そこに水を持って周回していた悠がやって来た。
「動けなくなったか? 水を飲んで休憩しろ。『治癒薬』を飲むのも忘れるなよ」
少しだけ4人は悠がこれで終わりと言ってくれる事を期待したが、悠は普段と違い水を置くとサッサと走り去ってしまった。
「あ・・・何だよ、ゆうせんせー・・・」
「どうしたんだろ、ゆう、せんせい・・・」
「知らない、わよ・・・とにかく休みましょ」
「う~・・・お水~・・・」
這いずりながら4人は水を貪る様に飲み、『治癒薬』も飲むと少しずつ呼吸も収まってきた。
そうして休む4人の横を他の者達が走り過ぎて行く。
「ふぅ、ふぅ、ふぅ、ふぅ」
特に明はこの中で最年少であるのに未だ走り続けていた。運動が苦手な小雪や智樹も泣き言は言わずに走り続けているし、蒼凪に至っては半ば意識を薄れさせながらも決して足を止めようとはしなかった。
「・・・ゼェ・・・ゼェ・・・ゼェ・・・ゼェ・・・」
そして唐突に4人の隣を通り過ぎた時に倒れた。
「ソーナ姉ちゃん!?」
「くすり!! きょうすけ君、くすり!!!」
慌てて蒼凪に駆け寄った2人はもう一本の『治癒薬』を取り出して蒼凪に飲ませようとしたが、吐く物を吐いた蒼凪自身がそれを拒否した。

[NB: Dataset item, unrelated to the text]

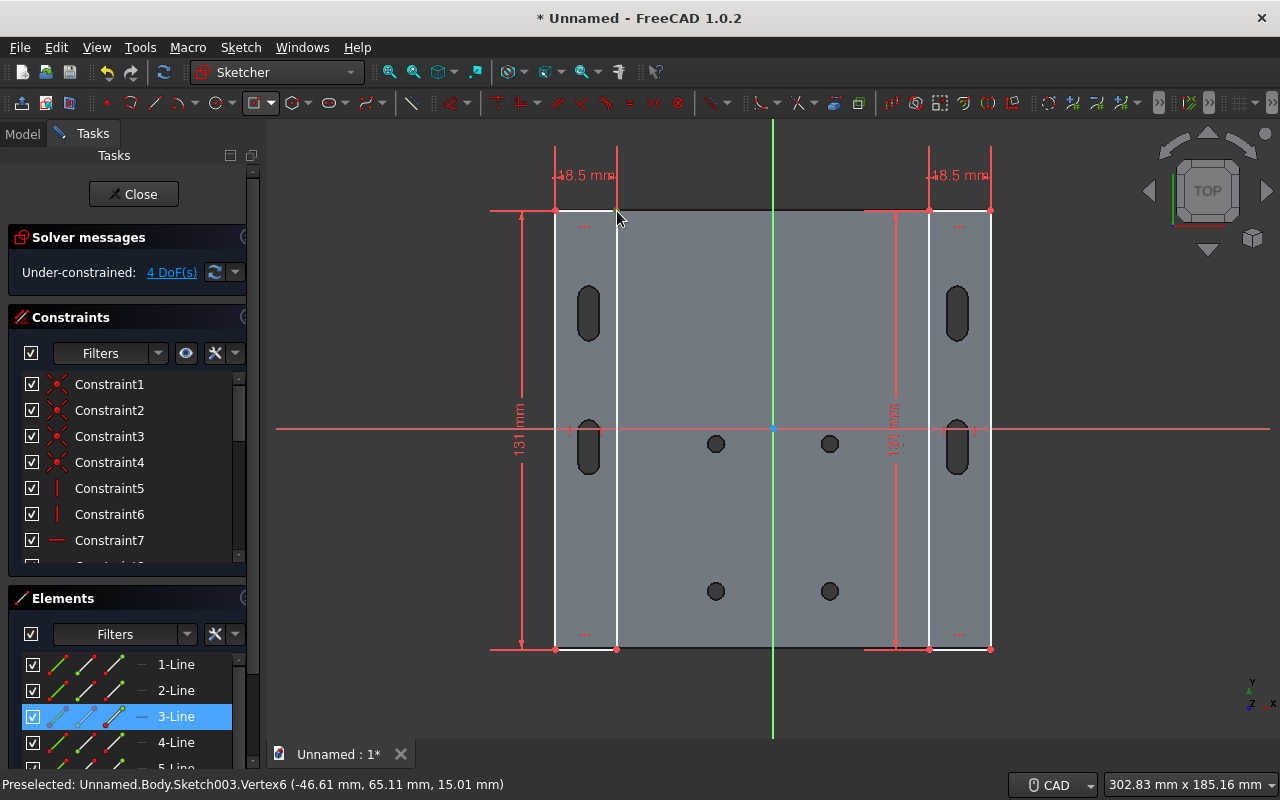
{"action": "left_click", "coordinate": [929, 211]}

「こふっ・・・い、いいの、私は、大丈夫。まだ、走れる・・・」
「でも・・・!」
動けるようになったとはいえ、蒼凪は最近まで立つ事すらままならなかった体であり、体力的には幼い明に劣る。そんな蒼凪が明らかに自分達よりも疲弊しきっていても尚走るのを止めない事が4人には理解出来なかった。
「どうした、蒼凪?」
そこに再び周回を重ねて来た悠がやって来た。
「な、なんでも、ありません・・・あ・・・」
強がる蒼凪に構わず悠は側に屈んで蒼凪の顎に手を当て、俯く蒼凪の顔色を確認した。
「唇が青くなって酸欠の症状が出ているし、汗を掻いているのに皮膚が冷たい。これ以上は危険だ。水分と『治癒薬』を飲んで30分休憩しろ」
「私は、まだ・・・」
「反論は聞かん、いいな?」
厳しく言い捨てて、悠は水を置いて再び周回へと戻っていった。
「・・・」
蒼凪はしょんぼりと肩を落とし、悠の置いていった水を少し飲み、更に『治癒薬』を飲み下した。

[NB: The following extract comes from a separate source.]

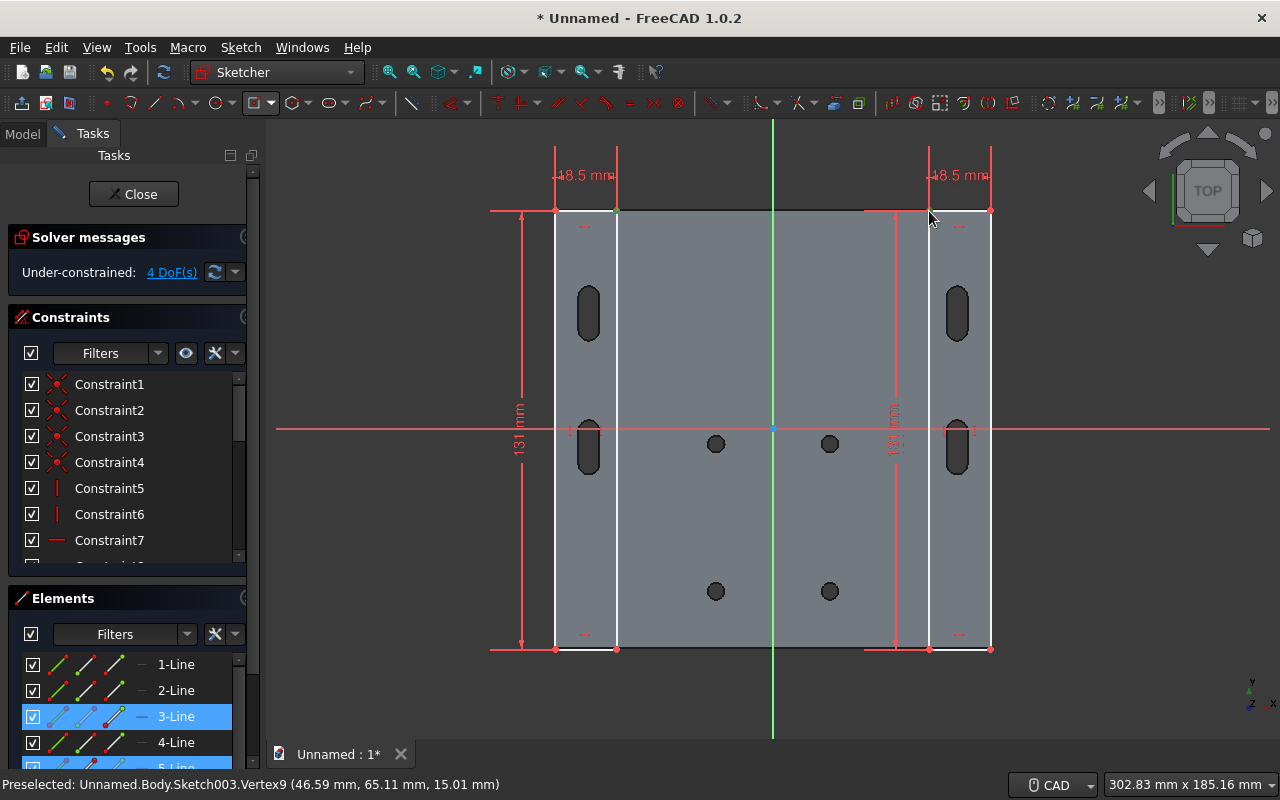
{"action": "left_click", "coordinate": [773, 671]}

「・・・なぁ、ソーナ姉ちゃん、ソーナ姉ちゃんはなんでそんなにがんばれるんだ?」
体力回復に努める蒼凪に京介が問い掛けると、蒼凪は答えた。
「・・・約束、したから」
「やくそく?」
「私は、悠先生について行くって、約束したから、やるの・・・」
蒼凪は悠に連れて行って欲しいのでは無く、付いて行きたいのだ。その為に頑張ると言った事を蒼凪は違えるつもりは無かった。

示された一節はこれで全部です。